Bebidas sem álcool para adultos

Ao passo em que se discute cada vez mais o consumo moderado de álcool, o mercado de bebidas sem álcool ou com menor graduação alcoólica vem crescendo vertiginosamente e o cenário passa por grandes transformações ao redor do mundo. Segundo a revista norte-americana Bon Appetit, nos Estados Unidos, o mercado de bebidas engarrafadas sem (no alcohol) ou com pouco álcool (low-alcohol) deve crescer cerca de 32% até 2022.

No universo dos “sem álcool”, o mercado mundial já conta com inovadoras opções de bebidas refrescantes, criativas e de sabores tão complexos quanto os alcoólicos, podendo ter até mesmo características saudáveis e funcionais (quem recebeu a última news, já sabe do que estamos falando).

Afinal, bebida sem álcool não precisa ser sem graça, não é mesmo?

Fato é que na carona da substituição dos alcoólicos, essas bebidas acabam trazendo um novo caráter para a categoria dos alcohol free, tomando o lugar dos convencionais refrigerantes e de outros ultraprocessados disfarçados de alternativas saudáveis.

São diversas opções de sucos e chás minimamente processados, kombuchas e outras bebidas fermentadas, além do switchel, é claro. O Kiro, por exemplo, que é composto por apenas quatro ingredientes (gengibre, mel, vinagre de maçã e água), foi pensado como alternativa sem álcool para maiores, para beber quando não está bebendo.

Além das garrafas e latinhas, nos bares e restaurantes, os conhecidos mocktails (drinks sem álcool) também ganham variações cada vez mais criativas, e já existem até lugares dedicados exclusivamente à venda desses coquetéis. Em São Paulo, o Jazz Restô & Burgers é um exemplo vivo. O lugar foi aberto em 2012 e hoje já conta com duas unidades na capital.

Já no caso das bebidas alcoólicas tradicionais, essas também vêm ganhando versões com menor graduação, como é o caso das small beer (cervejas que tem entre 0,5% e 2,8% de álcool na composição), além de mais opções zero álcool.

É PRECISO FALAR SOBRE CONSUMO MODERADO

Aprecie com moderação, essa é a dica. Isso porque não é novidade para ninguém que o consumo exagerado de álcool é nocivo para a saúde das pessoas, seja do ponto de vista biológico, psíquico ou até mesmo social. O uso abusivo de álcool pode levar a tristes consequências, incluindo casos de violência doméstica, sobretudo contra mulheres.

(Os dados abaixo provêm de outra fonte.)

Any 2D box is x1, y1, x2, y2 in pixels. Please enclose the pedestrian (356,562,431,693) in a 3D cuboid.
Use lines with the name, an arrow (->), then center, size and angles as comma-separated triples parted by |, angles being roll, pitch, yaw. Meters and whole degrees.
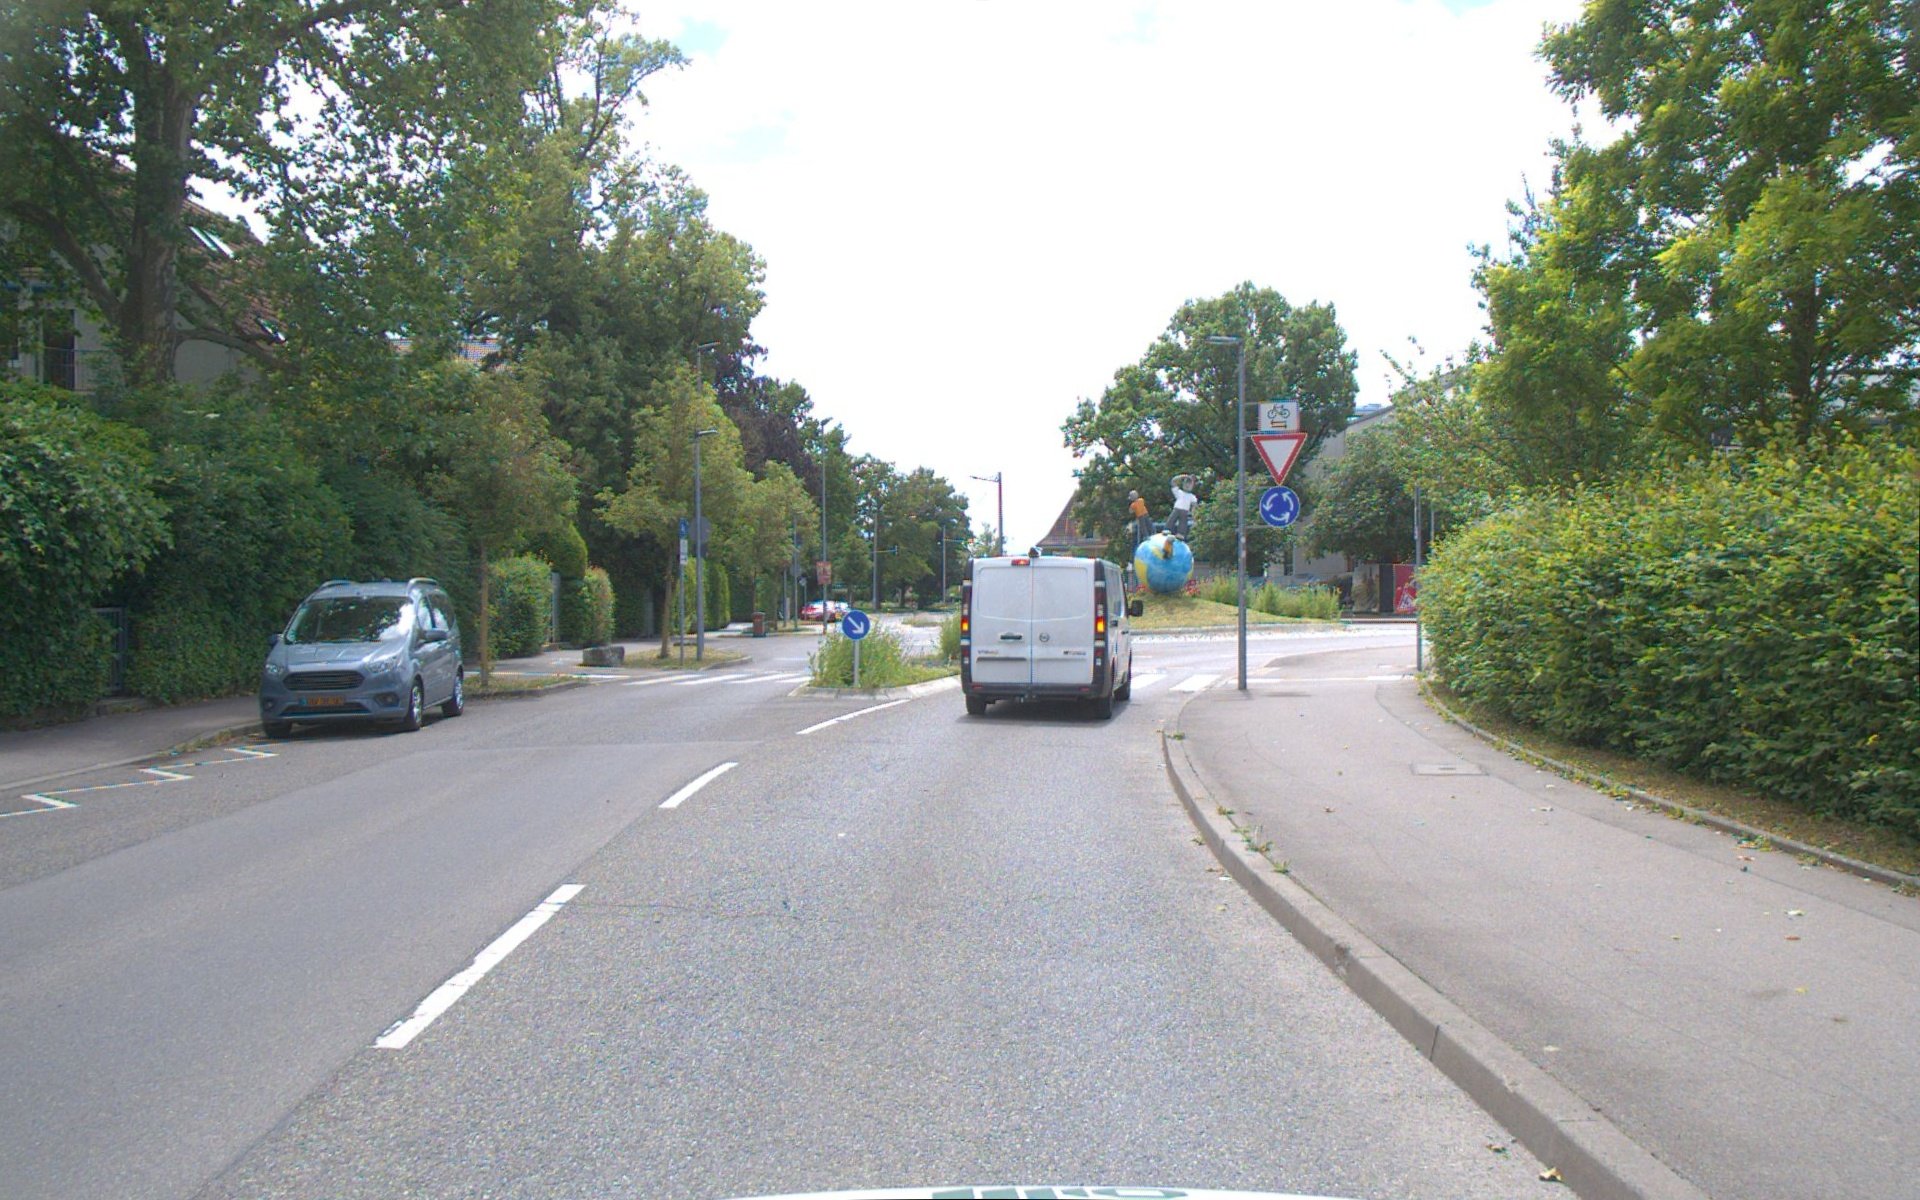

Logo no início da quarentena, inclusive, a Organização Mundial da Saúde, a OMS, alertou para o aumento do consumo de álcool, sugerindo que os governos federais limitassem a venda de bebidas alcoólicas.

Apesar dos significados culturais e simbólicos que o consumo de bebidas alcoólicas adquiriu ao longo da história da humanidade (já são quase 10 mil anos!), o álcool é um produto complexo, e seus efeitos variam de acordo com a quantidade e a qualidade do que é consumido.

Por mais que o álcool forneça calorias ao organismo, elas são “vazias de nutrientes”, como explica a nutricionista Sheila Travain, especialista em nutrição nas doenças crônicas, “Embora o álcool forneça energia ao nosso organismo, não pode ser considerado um nutriente, pois a energia que oferece não é acumulável nem essencial para as nossas atividades orgânicas.”

Além de tudo, o álcool tem prioridade no metabolismo, afetando a queima da glicose e resultando em um aumento no acúmulo de gordura no corpo, sobretudo na região abdominal. “É uma fonte de energia diferente de todas as outras, pois não pode ser estocado no organismo, já que é uma substância tóxica e deve ser eliminada imediatamente”, lembra Travain.

Isso sem falar que o consumo de álcool em excesso também compromete as funções psicomotoras, como é possível visualizar no documentário The Truth About Alcohol.